Ethics Advisory Opinion 06-08
April 13, 2006
South Carolina Bar Ethics Advisory Opinion 06-08
RULES 1.13(a), 1.15(e) and 1.16(d)
June 19, 2006
After a meeting with two individuals, Lawyer formed a limited liability company at their request. Lawyer has no personal doubt that the two individuals are both members of the LLC. The two individuals are now in a dispute. Lawyer has informed both individuals that he cannot represent either of them in the dispute. Though the operating agreement was never signed, the company book could be relevant in resolving the dispute. Lawyer is in possession of the company book. Both individuals now want the company book.
With regards to the company book, what are Lawyer’s obligations under the Rules of Professional Conduct?
Summary of Opinion:
Absent a designation of one individual as the authorized representative of the company in a written engagement letter with Lawyer, Lawyer must keep the company book until the dispute is resolved.
Rule 1.15(e) provides that, “when in the course of representation a lawyer is in possession of property in which two or more persons claim interests, the property shall be kept separate by the lawyer until the dispute is resolved.” The company book comes under the definition of “property” as used in this rule.
This does not conflict with Rule 1.16(d) which requires a lawyer to take steps to the extent reasonably practical to protect client’s interests such as surrendering papers to which the client is entitled. It is important to note that the “client” in this case is the LLC. Lawyer has properly declined to represent either individual in compliance with the Rules to avoid a conflict of interest.
Rule 1.13(a) provides that a lawyer employed or retained by an organization represents the organization acting through its duly authorized constituents. If Lawyer had a written engagement agreement with the organization which specifically identified one individual as the sole contact person, it may be appropriate to release the company book to that individual. Still, the Rules require that Lawyer act in the best interests of the organization as a separate and distinct entity, and the safer course of action would be to retain the company book until the dispute is resolved or the company book is subpoenaed during a civil action.
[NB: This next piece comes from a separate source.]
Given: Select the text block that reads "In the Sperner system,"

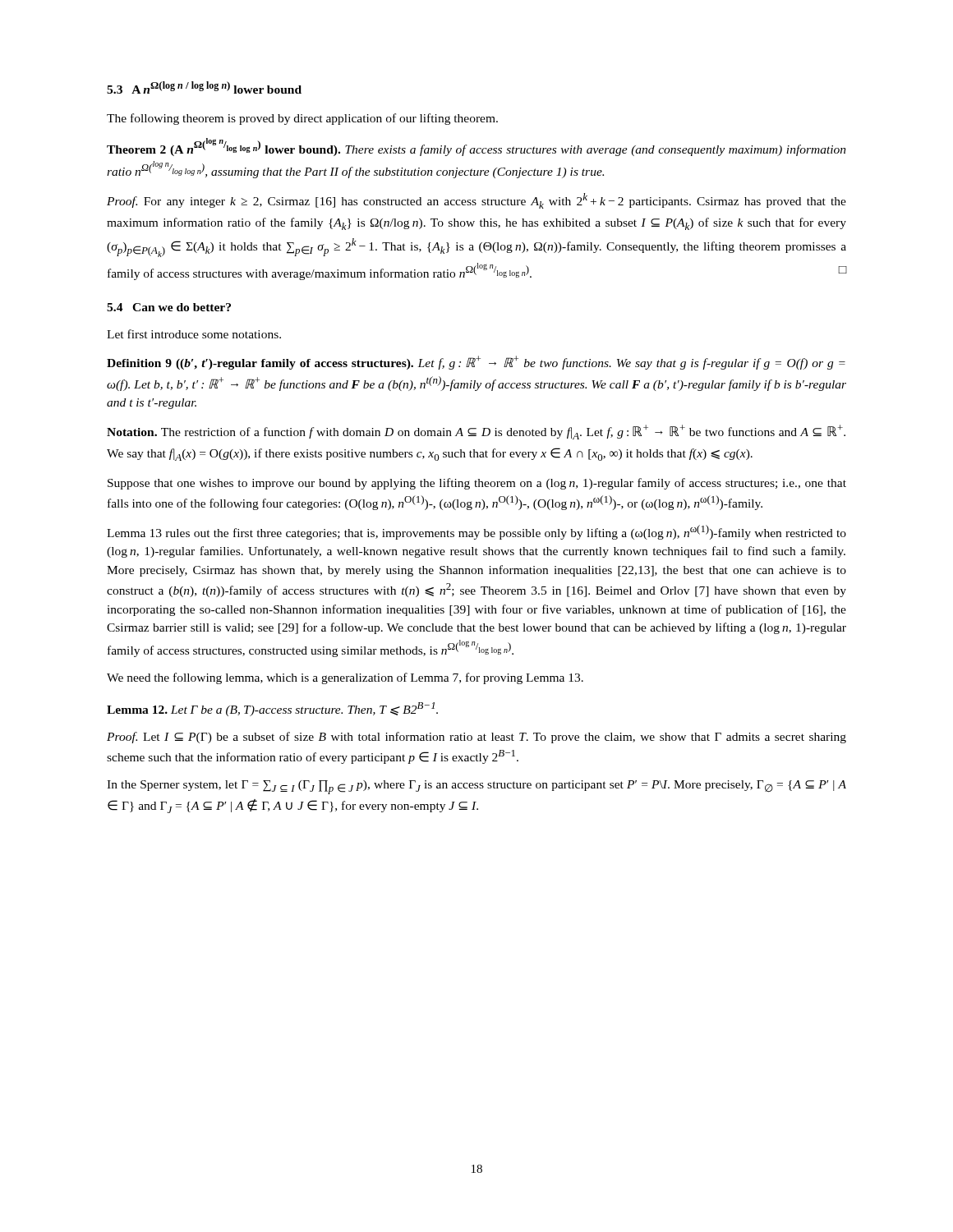Looking at the screenshot, I should click(x=476, y=796).

Unless applicable law prohibits access by either party, as a practical matter, Lawyer could make a complete copy of the company book for each of the individuals which, if it would not result in an unreasonable financial burden on Lawyer, would be a reasonable accommodation. However, the original company book should be retained by Lawyer until the dispute is resolved.
Lawyer may also choose to move the court for the county in which he is located for permission to deposit the book with the court for safekeeping pursuant to Rule 67, SCRCP. This motion may be made in conjunction with a simple interpleader action in which Lawyer pleads that he is a disinterested stakeholder, sets forth the dispute, and asks the court to relieve him of responsibility and order the parties to litigate the issue between themselves.